Transcribe, word for word, all of the entries below, and exclude any pictures from the copy.

[[ RECORDS SHOWN open ]]

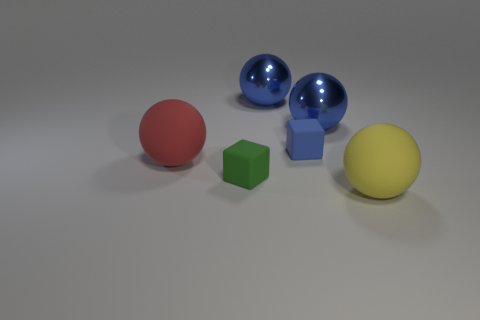Are the red sphere and the small green thing made of the same material?
Provide a short and direct response. Yes. How many small things are either blue cubes or blue rubber balls?
Provide a short and direct response. 1. The other block that is made of the same material as the blue cube is what color?
Offer a very short reply. Green. There is a cube that is in front of the red object; what color is it?
Your response must be concise. Green. Is the number of blue matte things in front of the large red object less than the number of large matte balls that are behind the yellow sphere?
Offer a terse response. Yes. What number of cubes are behind the big yellow rubber sphere?
Give a very brief answer. 2. Are there any cubes that have the same material as the big yellow object?
Give a very brief answer. Yes. Is the number of big balls behind the red matte thing greater than the number of big metallic objects that are in front of the blue cube?
Keep it short and to the point. Yes. The red matte sphere is what size?
Make the answer very short. Large. There is a small rubber object that is on the right side of the green rubber cube; what shape is it?
Your answer should be very brief. Cube.

[[ RECORDS SHOWN closed ]]

#### OUTPUT OF THE TASK:
Are the red sphere and the small green thing made of the same material?
Provide a short and direct response. Yes. How many small things are either blue cubes or blue rubber balls?
Provide a short and direct response. 1. The other block that is made of the same material as the blue cube is what color?
Offer a very short reply. Green. There is a cube that is in front of the red object; what color is it?
Your response must be concise. Green. Is the number of blue matte things in front of the large red object less than the number of large matte balls that are behind the yellow sphere?
Offer a terse response. Yes. What number of cubes are behind the big yellow rubber sphere?
Give a very brief answer. 2. Are there any cubes that have the same material as the big yellow object?
Give a very brief answer. Yes. Is the number of big balls behind the red matte thing greater than the number of big metallic objects that are in front of the blue cube?
Keep it short and to the point. Yes. The red matte sphere is what size?
Make the answer very short. Large. There is a small rubber object that is on the right side of the green rubber cube; what shape is it?
Your answer should be very brief. Cube.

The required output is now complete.